From the records below, copy out exactly the lines from the one containing "to text. <code><loc_0><loc_0><loc_500><loc_500><_Scala_>package" to the one containing "import suppress_default_args._", both included. Add nothing else.

START Input data

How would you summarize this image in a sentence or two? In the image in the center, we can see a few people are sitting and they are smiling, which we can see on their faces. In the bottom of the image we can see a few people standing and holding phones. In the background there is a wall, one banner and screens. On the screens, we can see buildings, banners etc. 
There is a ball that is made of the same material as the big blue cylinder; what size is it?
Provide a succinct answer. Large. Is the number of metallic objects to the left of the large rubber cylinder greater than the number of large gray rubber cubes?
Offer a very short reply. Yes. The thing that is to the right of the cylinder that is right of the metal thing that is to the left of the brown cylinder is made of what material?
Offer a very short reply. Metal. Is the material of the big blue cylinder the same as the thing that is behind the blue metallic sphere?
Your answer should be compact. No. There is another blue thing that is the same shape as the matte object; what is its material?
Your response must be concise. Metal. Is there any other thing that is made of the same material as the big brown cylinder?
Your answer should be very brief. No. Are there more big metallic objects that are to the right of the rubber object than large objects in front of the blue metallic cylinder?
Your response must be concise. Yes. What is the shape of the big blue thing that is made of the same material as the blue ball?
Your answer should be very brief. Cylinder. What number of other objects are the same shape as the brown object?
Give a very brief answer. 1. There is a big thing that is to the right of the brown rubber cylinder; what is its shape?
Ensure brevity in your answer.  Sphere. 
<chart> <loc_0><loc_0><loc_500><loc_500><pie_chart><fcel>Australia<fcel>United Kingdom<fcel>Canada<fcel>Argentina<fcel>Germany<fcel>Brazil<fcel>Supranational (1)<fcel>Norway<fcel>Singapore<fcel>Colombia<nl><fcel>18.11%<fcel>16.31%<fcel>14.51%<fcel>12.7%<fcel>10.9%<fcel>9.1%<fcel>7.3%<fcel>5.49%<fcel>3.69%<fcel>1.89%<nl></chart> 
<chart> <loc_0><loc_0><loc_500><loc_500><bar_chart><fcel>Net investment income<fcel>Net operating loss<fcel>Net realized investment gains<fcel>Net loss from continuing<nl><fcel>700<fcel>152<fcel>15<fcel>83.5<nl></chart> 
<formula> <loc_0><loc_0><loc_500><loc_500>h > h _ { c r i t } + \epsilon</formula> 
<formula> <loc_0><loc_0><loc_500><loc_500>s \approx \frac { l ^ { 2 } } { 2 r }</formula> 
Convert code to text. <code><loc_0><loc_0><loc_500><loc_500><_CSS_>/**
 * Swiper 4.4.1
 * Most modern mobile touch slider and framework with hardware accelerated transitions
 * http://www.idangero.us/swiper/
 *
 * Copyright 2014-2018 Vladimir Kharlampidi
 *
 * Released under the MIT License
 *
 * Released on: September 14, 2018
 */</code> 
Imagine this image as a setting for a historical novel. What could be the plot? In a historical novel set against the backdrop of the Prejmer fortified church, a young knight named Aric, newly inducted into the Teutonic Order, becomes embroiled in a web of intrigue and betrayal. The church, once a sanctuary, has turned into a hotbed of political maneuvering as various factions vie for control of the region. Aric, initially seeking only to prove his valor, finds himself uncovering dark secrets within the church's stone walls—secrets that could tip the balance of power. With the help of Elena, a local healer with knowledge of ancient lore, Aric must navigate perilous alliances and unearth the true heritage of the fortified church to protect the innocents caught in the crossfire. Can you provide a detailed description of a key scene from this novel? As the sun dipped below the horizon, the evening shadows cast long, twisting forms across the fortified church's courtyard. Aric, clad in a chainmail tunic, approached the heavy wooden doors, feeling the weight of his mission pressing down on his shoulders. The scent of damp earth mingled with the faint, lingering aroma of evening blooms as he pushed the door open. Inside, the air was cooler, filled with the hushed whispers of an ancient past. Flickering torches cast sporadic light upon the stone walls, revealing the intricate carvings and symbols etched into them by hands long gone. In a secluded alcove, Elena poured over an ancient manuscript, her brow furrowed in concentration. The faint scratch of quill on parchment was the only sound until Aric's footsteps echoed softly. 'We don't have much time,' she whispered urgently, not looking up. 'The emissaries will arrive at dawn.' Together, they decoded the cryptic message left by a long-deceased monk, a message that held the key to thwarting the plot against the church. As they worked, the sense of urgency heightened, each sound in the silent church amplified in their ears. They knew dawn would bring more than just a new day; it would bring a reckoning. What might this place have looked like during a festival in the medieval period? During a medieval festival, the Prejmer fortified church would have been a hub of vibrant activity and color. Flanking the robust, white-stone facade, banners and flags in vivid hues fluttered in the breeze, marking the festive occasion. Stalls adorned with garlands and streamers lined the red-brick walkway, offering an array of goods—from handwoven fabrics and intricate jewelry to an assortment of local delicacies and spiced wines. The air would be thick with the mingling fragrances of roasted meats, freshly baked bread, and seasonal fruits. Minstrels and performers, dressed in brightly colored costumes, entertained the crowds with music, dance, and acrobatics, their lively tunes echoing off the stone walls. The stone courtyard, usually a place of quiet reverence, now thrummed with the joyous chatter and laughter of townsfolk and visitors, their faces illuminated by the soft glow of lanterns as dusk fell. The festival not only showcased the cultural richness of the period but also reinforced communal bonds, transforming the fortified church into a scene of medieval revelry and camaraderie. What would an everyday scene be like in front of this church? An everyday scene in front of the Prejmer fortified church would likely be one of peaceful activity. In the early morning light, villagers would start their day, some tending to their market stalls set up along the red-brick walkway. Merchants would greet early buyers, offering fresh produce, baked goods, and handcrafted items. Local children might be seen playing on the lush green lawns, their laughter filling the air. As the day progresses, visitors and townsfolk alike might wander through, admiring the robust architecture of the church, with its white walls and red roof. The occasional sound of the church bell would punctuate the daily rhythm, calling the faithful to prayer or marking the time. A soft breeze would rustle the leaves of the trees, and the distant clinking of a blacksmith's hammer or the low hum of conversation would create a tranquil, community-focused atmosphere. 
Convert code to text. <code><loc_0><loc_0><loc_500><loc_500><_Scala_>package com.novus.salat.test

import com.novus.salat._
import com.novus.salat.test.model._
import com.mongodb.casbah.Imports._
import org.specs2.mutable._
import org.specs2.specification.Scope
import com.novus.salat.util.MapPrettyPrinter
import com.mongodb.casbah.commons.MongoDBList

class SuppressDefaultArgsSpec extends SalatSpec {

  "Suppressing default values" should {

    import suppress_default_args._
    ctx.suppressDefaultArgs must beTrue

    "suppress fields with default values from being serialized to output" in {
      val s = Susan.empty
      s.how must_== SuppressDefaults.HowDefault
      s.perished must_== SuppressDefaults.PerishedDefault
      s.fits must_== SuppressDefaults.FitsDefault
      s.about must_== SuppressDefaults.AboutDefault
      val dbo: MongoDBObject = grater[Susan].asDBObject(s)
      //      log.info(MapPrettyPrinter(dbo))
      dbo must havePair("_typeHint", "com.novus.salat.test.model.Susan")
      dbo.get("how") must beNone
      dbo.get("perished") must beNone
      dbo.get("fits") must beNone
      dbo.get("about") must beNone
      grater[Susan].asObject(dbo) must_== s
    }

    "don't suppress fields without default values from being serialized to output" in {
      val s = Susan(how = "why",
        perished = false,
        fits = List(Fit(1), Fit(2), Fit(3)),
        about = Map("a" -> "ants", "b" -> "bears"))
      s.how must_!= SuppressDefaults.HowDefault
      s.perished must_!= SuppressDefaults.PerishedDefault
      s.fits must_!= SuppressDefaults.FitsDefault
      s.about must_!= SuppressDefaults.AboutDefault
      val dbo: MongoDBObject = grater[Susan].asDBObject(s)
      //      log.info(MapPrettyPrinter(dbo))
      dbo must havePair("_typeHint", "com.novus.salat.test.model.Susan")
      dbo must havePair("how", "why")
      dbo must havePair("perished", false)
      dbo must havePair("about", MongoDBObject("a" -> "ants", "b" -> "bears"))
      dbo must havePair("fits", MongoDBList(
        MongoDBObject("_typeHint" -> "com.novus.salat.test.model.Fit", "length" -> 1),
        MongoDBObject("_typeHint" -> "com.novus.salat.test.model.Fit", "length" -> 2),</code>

END Input data

» Exercise output
Convert code to text. <code><loc_0><loc_0><loc_500><loc_500><_Scala_>package com.novus.salat.test

import com.novus.salat._
import com.novus.salat.test.model._
import com.mongodb.casbah.Imports._
import org.specs2.mutable._
import org.specs2.specification.Scope
import com.novus.salat.util.MapPrettyPrinter
import com.mongodb.casbah.commons.MongoDBList

class SuppressDefaultArgsSpec extends SalatSpec {

  "Suppressing default values" should {

    import suppress_default_args._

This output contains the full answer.